The tricky part is to keep the UNIQUE constraint happy. It does not allow two current rows per group at any given time. There is no order of execution among CTEs of the same query - as long as one does not reference the other. I put in such a dummy reference to force the order of updates.

When there was no current row, yet, the CTE up1 returns no row. So we use LEFT JOIN. And LIMIT 1 to never duplicate rows.

Answer 2

I don't think you should try to avoid every seq scan. But you do not want a seq scan which will be executed a large number of times (like in a un-hashed subplan, or in the 2nd child of a nested loop).

In your first plan, it does have a seq scan in an unhashed subplan, but it claims this will only be executed once, so it would not be too bad if that is accurate. But that does seem to contradict your description of "the 'current' flag is true for 98% of rows", so maybe the stats are just grossly wrong.

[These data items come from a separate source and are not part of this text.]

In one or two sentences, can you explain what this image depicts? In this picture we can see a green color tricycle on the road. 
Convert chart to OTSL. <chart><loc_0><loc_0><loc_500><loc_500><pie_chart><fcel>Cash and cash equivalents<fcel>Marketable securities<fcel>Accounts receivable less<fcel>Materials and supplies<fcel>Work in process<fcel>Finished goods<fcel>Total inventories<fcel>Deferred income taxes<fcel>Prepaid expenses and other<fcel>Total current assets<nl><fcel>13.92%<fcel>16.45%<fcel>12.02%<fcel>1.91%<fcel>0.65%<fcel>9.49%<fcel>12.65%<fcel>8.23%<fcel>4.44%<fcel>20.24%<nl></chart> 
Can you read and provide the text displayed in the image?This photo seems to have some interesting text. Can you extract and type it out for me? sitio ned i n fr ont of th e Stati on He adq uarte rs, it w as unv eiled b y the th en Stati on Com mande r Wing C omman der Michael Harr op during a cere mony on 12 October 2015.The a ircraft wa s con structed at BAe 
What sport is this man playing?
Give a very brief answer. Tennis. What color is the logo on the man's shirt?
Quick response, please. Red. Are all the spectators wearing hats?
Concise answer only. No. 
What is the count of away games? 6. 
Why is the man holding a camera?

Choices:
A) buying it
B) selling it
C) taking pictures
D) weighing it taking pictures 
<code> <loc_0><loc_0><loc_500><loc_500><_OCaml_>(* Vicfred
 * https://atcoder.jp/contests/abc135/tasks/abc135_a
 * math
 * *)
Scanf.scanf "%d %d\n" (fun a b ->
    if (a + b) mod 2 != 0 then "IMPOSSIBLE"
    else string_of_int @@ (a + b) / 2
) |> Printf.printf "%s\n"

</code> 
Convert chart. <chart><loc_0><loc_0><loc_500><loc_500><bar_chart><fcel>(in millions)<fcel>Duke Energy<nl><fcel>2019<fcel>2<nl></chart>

You could increase our work_mem until the subplan switches to a hashed subplan, or you could rewrite your query from NOT IN to NOT EXISTS.

In the case of option 2, you could just add a WHERE to eliminate the inoperative updates:

UPDATE assertion
   SET current = not current
   WHERE current <>  
     (CASE WHEN assertion.pk IN (select PK from assertion_current)
     THEN TRUE ELSE FALSE END)

But again using EXISTS rather IN is likely to be better.